Два года назад Фольберг несколько недель держал в осаде франко-испанскую границу. Ни выездную визу из Франции, ни въездную в Испанию он получить не смог. И пока другие эмигранты пересекали границу, карабкаясь глухими контрабандистскими тропами через горы, отчаявшийся Фольберг, которому альпинизм был уже не по летам, взял напрокат на последние деньги допотопный, но шикарный «роллс-ройс», в бензобаке которого еще оставалось километров на тридцать бензина, и покатил по автостраде прямиком к границе. Владелец «роллс-ройса» изображал шофера. По такому случаю он дал Фольбергу напрокат не только авто, но и свой парадный костюм со всеми военными орденами, которые тот, восседая на заднем сиденье, гордо выпячивал. Расчет оправдался. Ни один из пограничников не додумался побеспокоить липового владельца «роллс-ройса» вопросами о какой-то там визе. Зато все, как мальчишки, толклись вокруг мотора, достоинства которого Фольберг им охотно разъяснял.
– Что, Джесси Штайн прибыла в Нью-Йорк тоже на «роллс-ройсе»? – поинтересовался я.
– Да нет. С последним рейсом «Королевы Мэри» перед самой войной. Когда она сошла на берег, срок ее визы истекал через два дня. Но ей продлили на шесть месяцев. И уже который раз продлевают еще на полгода.

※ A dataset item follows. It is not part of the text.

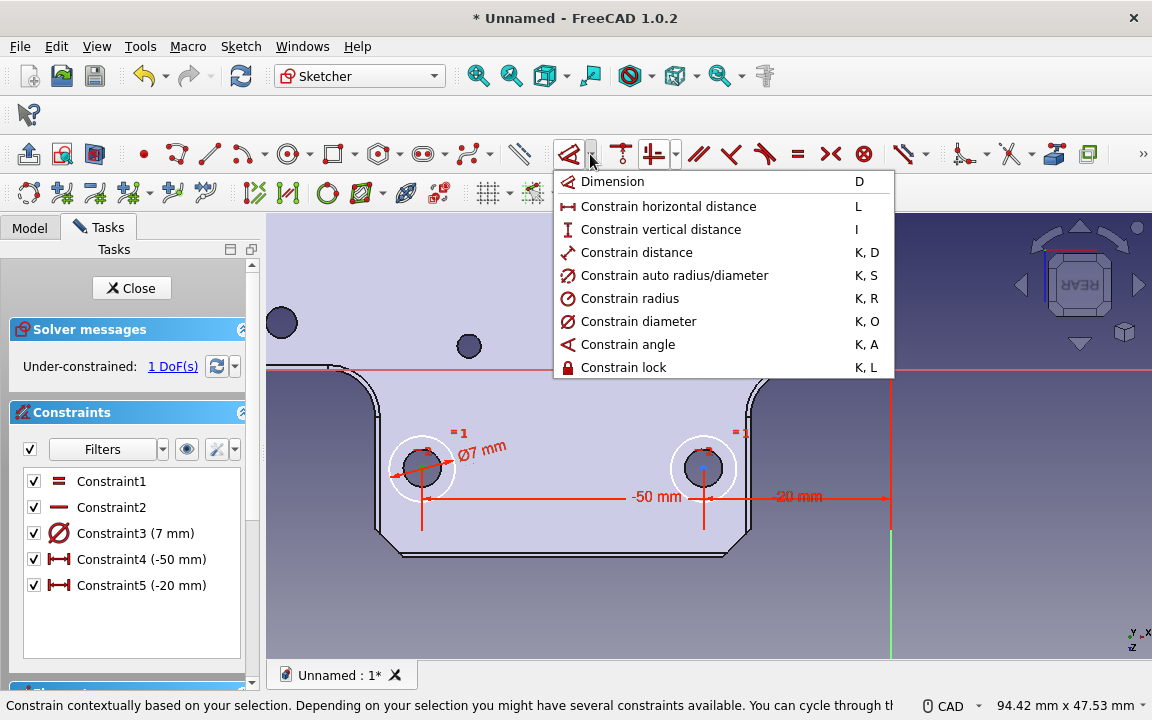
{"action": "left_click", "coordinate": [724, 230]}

У меня даже дыхание перехватило.
– Брось, Роберт. Неужели такое бывает? – не поверил я. – Неужто здесь можно продлить визу? Даже туристическую?
– Только туристическую и можно. Другие продлевать просто не нужно. Это настоящие въездные визы по так называемым квотам, которые через пять лет дают право на получение гражданства. Их выписывают сроком на десять и даже на двадцать лет! С такой квотной визой ты даже имеешь право работать, а с туристической нет. На сколько она у тебя, кстати?

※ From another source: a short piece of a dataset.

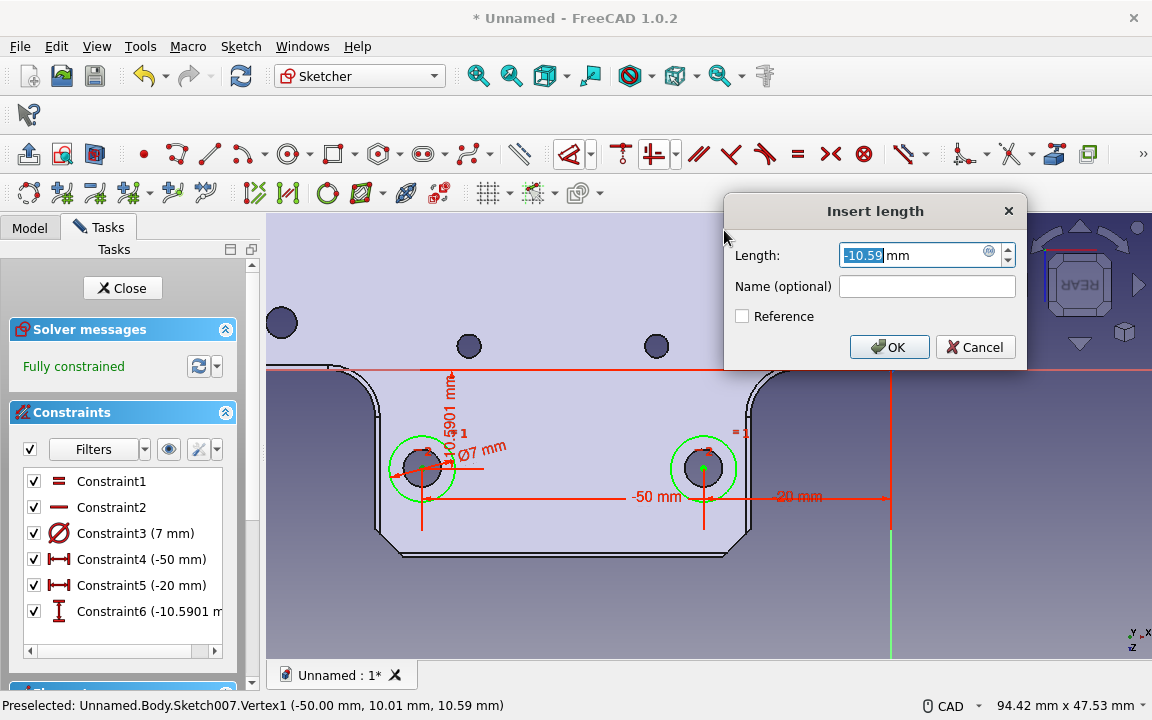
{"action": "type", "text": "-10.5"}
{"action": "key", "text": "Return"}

– Восемь недель. Ты что, правда думаешь, что ее можно продлить?
– Почему нет? Левин и Уотсон довольно надежные ребята.
Я откинулся на спинку стула. Как-то я вдруг весь размяк. Впервые за много лет. Хирш взглянул на меня. Потом рассмеялся.
– Давай-ка отметим твое вступление в мещанскую стадию эмигрантской жизни, – заявил он. – Мы пойдем ужинать. Все, Людвиг, кончились этапы страстного пути.
– До завтрашнего утра, – возразил я. – А завтра я отправлюсь на поиски работы и тут же опять вступлю в конфликт с законом. Каково, кстати, в здешних тюрьмах?
– Очень демократично. В некоторых даже радио в камерах. Если в твоей не будет, я тебе пришлю.
– А лагеря для интернированных в Америке есть?
– Да. Но в порядке исключения только для подозреваемых в нацизме.
– Вот это фортель! – Я встал. – И куда же мы пойдем ужинать? В американскую аптеку? Я сегодня в одной такой обедал. Очень здорово. Там тебе и презервативы, и мороженое сорока двух сортов.